------ DATA SUPPLIED ------

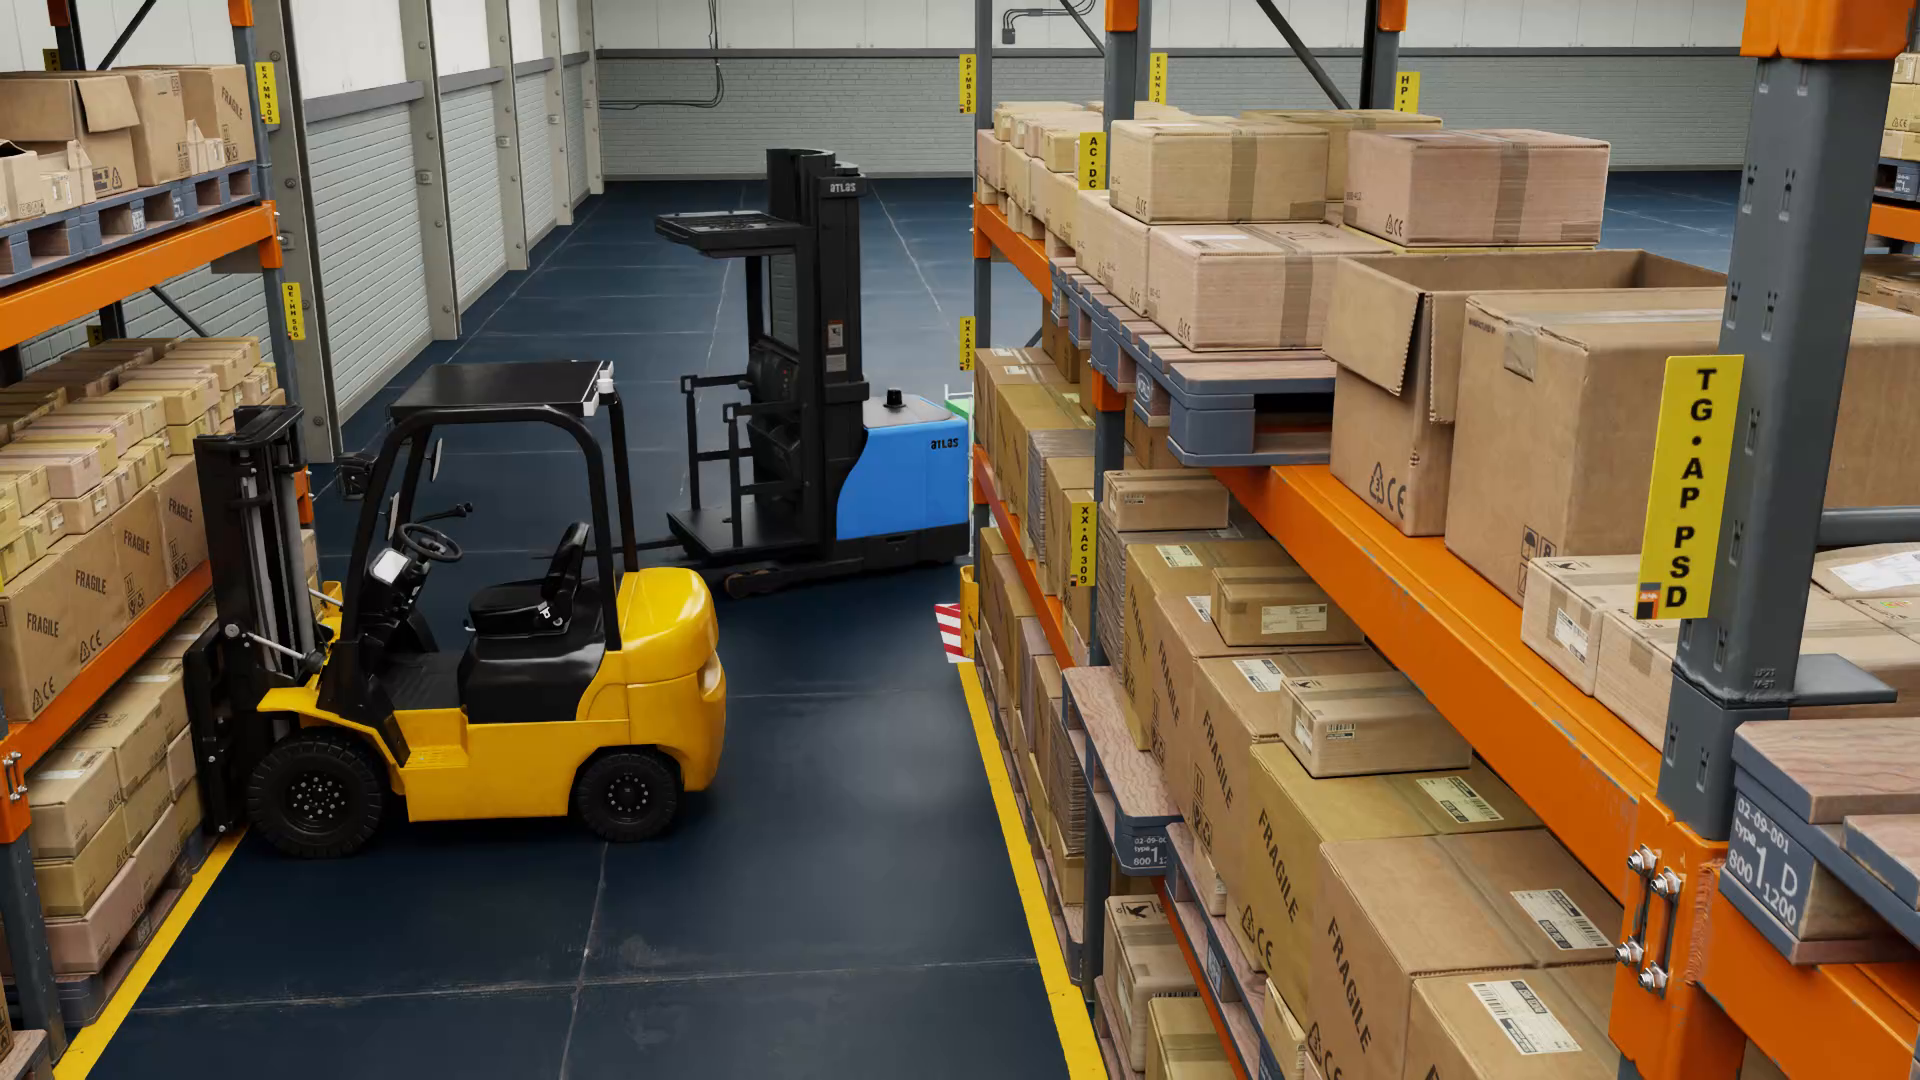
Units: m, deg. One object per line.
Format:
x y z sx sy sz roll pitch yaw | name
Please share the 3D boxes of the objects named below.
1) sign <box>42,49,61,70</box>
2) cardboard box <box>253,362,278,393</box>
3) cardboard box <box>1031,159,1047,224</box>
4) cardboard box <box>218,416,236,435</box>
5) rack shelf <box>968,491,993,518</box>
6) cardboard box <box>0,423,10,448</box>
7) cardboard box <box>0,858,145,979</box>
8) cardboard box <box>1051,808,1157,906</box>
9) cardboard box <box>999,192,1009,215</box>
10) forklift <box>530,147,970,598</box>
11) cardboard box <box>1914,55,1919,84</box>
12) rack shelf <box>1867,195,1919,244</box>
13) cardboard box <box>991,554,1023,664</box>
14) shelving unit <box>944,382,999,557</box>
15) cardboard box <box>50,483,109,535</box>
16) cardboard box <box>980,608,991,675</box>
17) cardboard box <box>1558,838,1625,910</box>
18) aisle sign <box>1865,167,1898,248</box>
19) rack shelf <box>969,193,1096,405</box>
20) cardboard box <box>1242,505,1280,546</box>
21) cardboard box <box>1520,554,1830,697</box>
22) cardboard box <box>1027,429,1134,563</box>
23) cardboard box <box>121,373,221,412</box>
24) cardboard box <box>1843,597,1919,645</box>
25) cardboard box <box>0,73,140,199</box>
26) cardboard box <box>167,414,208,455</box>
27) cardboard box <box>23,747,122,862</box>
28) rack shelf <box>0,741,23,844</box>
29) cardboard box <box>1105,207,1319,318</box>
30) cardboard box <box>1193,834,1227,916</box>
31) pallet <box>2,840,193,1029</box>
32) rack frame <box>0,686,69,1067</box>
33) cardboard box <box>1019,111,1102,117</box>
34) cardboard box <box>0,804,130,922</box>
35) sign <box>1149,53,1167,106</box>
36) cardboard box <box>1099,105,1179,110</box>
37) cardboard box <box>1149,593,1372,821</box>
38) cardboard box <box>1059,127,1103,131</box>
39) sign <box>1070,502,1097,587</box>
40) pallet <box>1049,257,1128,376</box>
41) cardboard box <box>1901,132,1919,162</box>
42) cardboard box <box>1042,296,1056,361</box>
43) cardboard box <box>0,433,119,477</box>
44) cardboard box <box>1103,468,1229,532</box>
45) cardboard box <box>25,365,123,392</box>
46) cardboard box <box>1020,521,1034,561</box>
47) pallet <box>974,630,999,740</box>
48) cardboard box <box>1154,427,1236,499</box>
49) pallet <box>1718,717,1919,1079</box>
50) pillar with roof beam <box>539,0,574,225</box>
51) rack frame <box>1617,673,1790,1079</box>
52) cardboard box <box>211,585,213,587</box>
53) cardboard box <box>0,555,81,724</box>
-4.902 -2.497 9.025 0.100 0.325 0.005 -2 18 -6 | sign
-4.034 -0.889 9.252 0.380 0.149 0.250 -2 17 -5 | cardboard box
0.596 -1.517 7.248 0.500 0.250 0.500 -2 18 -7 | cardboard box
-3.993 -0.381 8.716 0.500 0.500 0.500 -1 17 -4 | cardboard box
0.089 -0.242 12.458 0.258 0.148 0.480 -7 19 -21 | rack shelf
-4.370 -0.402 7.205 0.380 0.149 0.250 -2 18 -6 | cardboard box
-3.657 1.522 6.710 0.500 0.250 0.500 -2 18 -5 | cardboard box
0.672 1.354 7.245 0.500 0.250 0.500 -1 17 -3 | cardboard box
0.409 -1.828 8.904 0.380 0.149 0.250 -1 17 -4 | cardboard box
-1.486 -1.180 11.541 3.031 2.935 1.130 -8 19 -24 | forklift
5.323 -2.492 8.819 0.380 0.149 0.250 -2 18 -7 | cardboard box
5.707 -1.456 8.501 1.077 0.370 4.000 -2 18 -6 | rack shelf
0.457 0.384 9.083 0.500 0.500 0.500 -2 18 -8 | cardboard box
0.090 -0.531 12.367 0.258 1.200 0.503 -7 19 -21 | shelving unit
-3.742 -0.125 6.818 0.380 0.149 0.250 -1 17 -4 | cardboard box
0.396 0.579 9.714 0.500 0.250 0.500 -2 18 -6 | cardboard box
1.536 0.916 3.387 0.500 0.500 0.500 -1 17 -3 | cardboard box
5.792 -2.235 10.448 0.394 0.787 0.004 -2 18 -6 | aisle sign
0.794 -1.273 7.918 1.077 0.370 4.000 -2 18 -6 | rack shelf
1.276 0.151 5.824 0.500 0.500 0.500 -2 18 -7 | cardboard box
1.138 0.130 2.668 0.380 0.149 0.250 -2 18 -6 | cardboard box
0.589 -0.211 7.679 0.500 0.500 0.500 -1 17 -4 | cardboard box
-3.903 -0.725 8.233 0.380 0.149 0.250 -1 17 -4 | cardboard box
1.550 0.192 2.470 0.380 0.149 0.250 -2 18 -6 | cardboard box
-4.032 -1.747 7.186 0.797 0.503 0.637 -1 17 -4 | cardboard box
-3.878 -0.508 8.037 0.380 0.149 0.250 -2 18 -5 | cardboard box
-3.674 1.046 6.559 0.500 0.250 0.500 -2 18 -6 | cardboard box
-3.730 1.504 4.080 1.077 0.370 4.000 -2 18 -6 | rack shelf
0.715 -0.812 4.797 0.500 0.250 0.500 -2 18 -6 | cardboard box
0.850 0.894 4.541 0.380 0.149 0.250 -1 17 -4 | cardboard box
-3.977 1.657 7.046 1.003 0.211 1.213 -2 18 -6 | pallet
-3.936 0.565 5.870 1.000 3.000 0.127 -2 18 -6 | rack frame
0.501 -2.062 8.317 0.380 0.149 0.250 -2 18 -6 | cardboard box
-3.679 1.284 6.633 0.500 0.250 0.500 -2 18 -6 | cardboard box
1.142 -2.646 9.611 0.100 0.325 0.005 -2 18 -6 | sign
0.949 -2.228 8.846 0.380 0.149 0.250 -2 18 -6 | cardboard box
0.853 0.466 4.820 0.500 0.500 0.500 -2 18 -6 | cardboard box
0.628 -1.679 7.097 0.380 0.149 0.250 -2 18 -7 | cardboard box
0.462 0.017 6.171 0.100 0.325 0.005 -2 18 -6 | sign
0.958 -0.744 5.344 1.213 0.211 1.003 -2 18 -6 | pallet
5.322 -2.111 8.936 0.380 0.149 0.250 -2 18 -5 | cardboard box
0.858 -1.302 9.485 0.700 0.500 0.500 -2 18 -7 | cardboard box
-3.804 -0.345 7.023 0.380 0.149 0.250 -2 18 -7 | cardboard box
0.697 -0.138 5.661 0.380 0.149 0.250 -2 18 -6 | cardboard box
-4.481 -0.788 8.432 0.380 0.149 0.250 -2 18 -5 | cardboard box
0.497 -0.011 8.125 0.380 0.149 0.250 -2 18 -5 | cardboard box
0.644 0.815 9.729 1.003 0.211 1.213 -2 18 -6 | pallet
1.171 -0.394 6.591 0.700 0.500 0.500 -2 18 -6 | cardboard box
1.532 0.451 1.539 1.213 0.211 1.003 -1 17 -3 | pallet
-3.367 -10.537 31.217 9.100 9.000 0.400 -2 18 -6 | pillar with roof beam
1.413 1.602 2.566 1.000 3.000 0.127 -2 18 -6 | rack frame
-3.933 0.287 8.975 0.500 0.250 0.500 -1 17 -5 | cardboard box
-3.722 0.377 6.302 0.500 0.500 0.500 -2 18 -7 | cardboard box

------

=== WHAT IS REQUIRED ===
Set down exactly the lines of the data above, beginning with the line that has "27) cardboard box <box>23,747,122,862</box>" and ending with the line that has "36) cardboard box", and no others.

=== ANSWER BOX ===
27) cardboard box <box>23,747,122,862</box>
28) rack shelf <box>0,741,23,844</box>
29) cardboard box <box>1105,207,1319,318</box>
30) cardboard box <box>1193,834,1227,916</box>
31) pallet <box>2,840,193,1029</box>
32) rack frame <box>0,686,69,1067</box>
33) cardboard box <box>1019,111,1102,117</box>
34) cardboard box <box>0,804,130,922</box>
35) sign <box>1149,53,1167,106</box>
36) cardboard box <box>1099,105,1179,110</box>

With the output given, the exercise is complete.